Mann-Whitney U test or Kruskal Wallis test for comparing median of two groups? I know that Kruskal Wallis test can be used to compare median of two or more groups (e.g. see this link: https://www.statisticshowto.datasciencecentral.com/kruskal-wallis/ ), and that Mann-Whitney U test can be used for two groups. 
My question is: Can we use Kruskal Wallis all the time? It can do what Mann-Whitney U test does (when comparing two groups). If the answer is yes, then why don't we just discard Mann-Whitney U test, i.e. why does Mann-Whitney U test exist?
 A: *

*With two samples a Kruskal-Wallis is equivalent to a Wilcoxon-Mann-Whitney but without the direction information; so you lose the ability to do a one-sided test.

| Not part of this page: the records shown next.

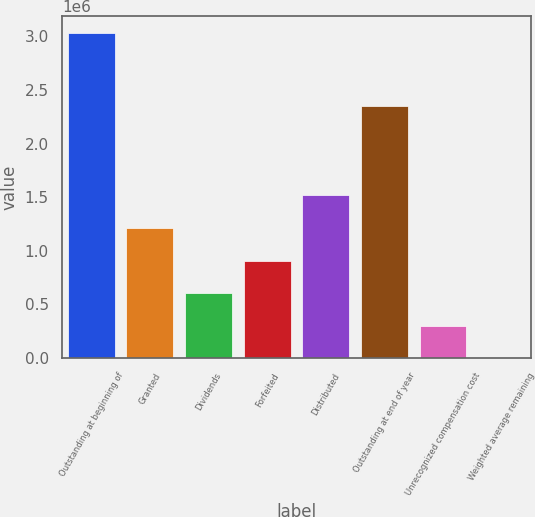Convert chart. <chart><loc_0><loc_0><loc_500><loc_500><bar_chart><fcel>Outstanding at beginning of<fcel>Granted<fcel>Dividends<fcel>Forfeited<fcel>Distributed<fcel>Outstanding at end of year<fcel>Unrecognized compensation cost<fcel>Weighted average remaining<nl><fcel>3.03254e+06<fcel>1.21302e+06<fcel>606509<fcel>909763<fcel>1.51627e+06<fcel>2.34664e+06<fcel>303256<fcel>1.8<nl></chart> 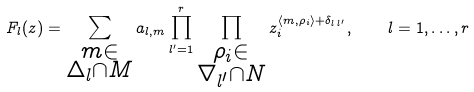Convert formula to latex. <formula><loc_0><loc_0><loc_500><loc_500>F _ { l } ( z ) = \sum _ { \substack { m \in \\ \Delta _ { l } \cap M } } a _ { l , m } \prod _ { l ^ { \prime } = 1 } ^ { r } \prod _ { \substack { \rho _ { i } \in \\ \nabla _ { l ^ { \prime } } \cap N } } z _ { i } ^ { \langle m , \rho _ { i } \rangle + \delta _ { l \, l ^ { \prime } } } , \quad l = 1 , \dots , r</formula> 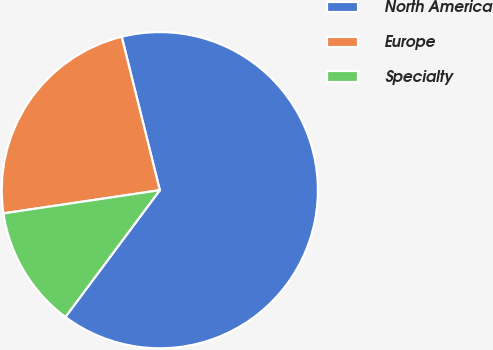<chart> <loc_0><loc_0><loc_500><loc_500><pie_chart><fcel>North America<fcel>Europe<fcel>Specialty<nl><fcel>64.06%<fcel>23.47%<fcel>12.47%<nl></chart> 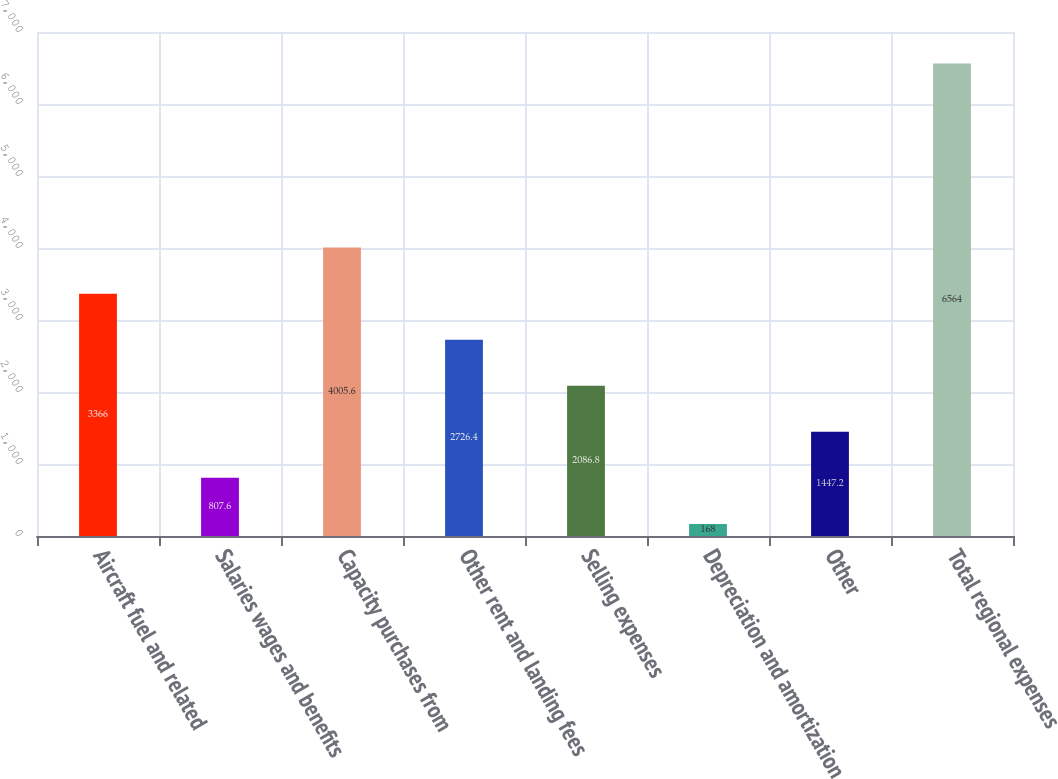Convert chart to OTSL. <chart><loc_0><loc_0><loc_500><loc_500><bar_chart><fcel>Aircraft fuel and related<fcel>Salaries wages and benefits<fcel>Capacity purchases from<fcel>Other rent and landing fees<fcel>Selling expenses<fcel>Depreciation and amortization<fcel>Other<fcel>Total regional expenses<nl><fcel>3366<fcel>807.6<fcel>4005.6<fcel>2726.4<fcel>2086.8<fcel>168<fcel>1447.2<fcel>6564<nl></chart> 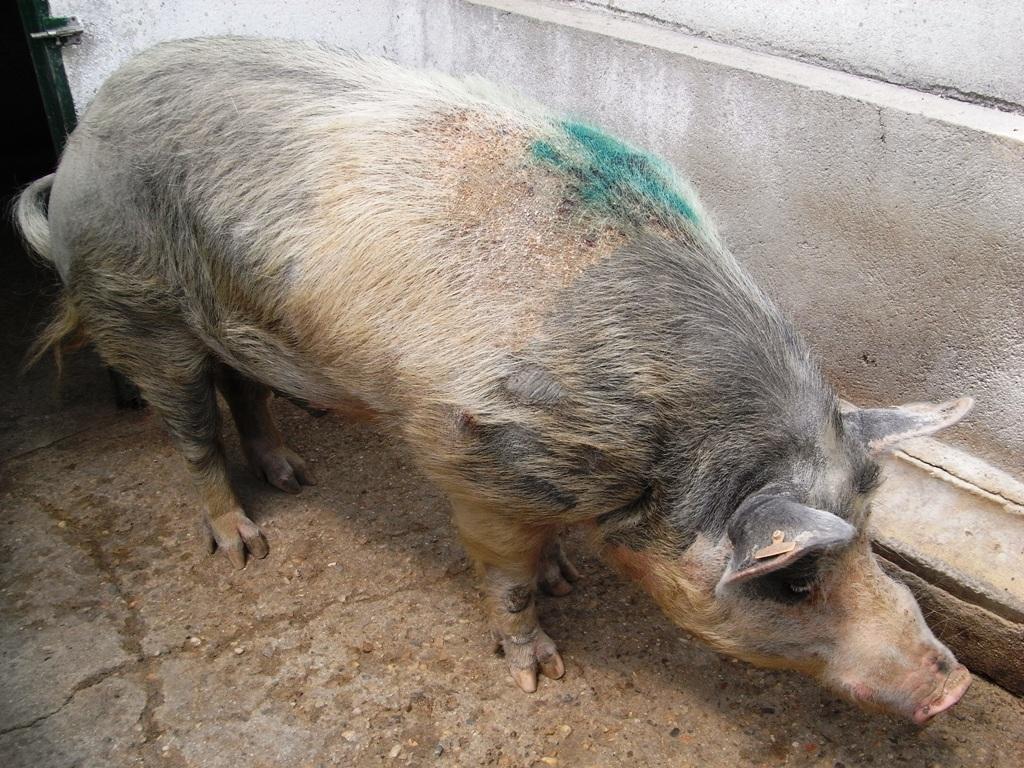Could you give a brief overview of what you see in this image? In this image I can see the pig which is in brown and black color. To the right I can see the wall.

*Some implementations use the exact distribution for small samples with the Wilcoxon-Mann-Whitney but not for the Kruskal-Wallis (yielding not-so-accurate p-values with small samples). R is one example; if both sample sizes are below 50 (and there are no ties) it uses the exact null distribution Wilcoxon-Mann-Whitney, but it uses the chi-squared approximation for the Kruskal-Wallis, sometimes leading to rejection when you should not reject (as in the example below) or failure to reject when you should.
wilcox.test(a,b)

        Wilcoxon rank sum test

data:  a and b
W = 90, p-value = 0.05032
alternative hypothesis: true location shift is not equal to 0


kruskal.test(values~ind,stack(list(a=a,b=b)))

        Kruskal-Wallis rank sum test

data:  values by ind
Kruskal-Wallis chi-squared = 3.913, df = 1, p-value = 0.04791


*Even at larger samples the results may differ if the Wilcoxon-Mann-Whitney implements a continuity correction (as in R) but the Kruskal-Wallis does not I don't recall offhand seeing any packages that implement a continuity correction with the Kruskal-Wallis (nor is it quite clear how to do this for more than 2 groups nor that it would be a good idea to do so). This is less important, since they're both approximations - neither is the 'correct' answer - but it's still a potential difference in their decisions in cases where the p-value is near the significance level.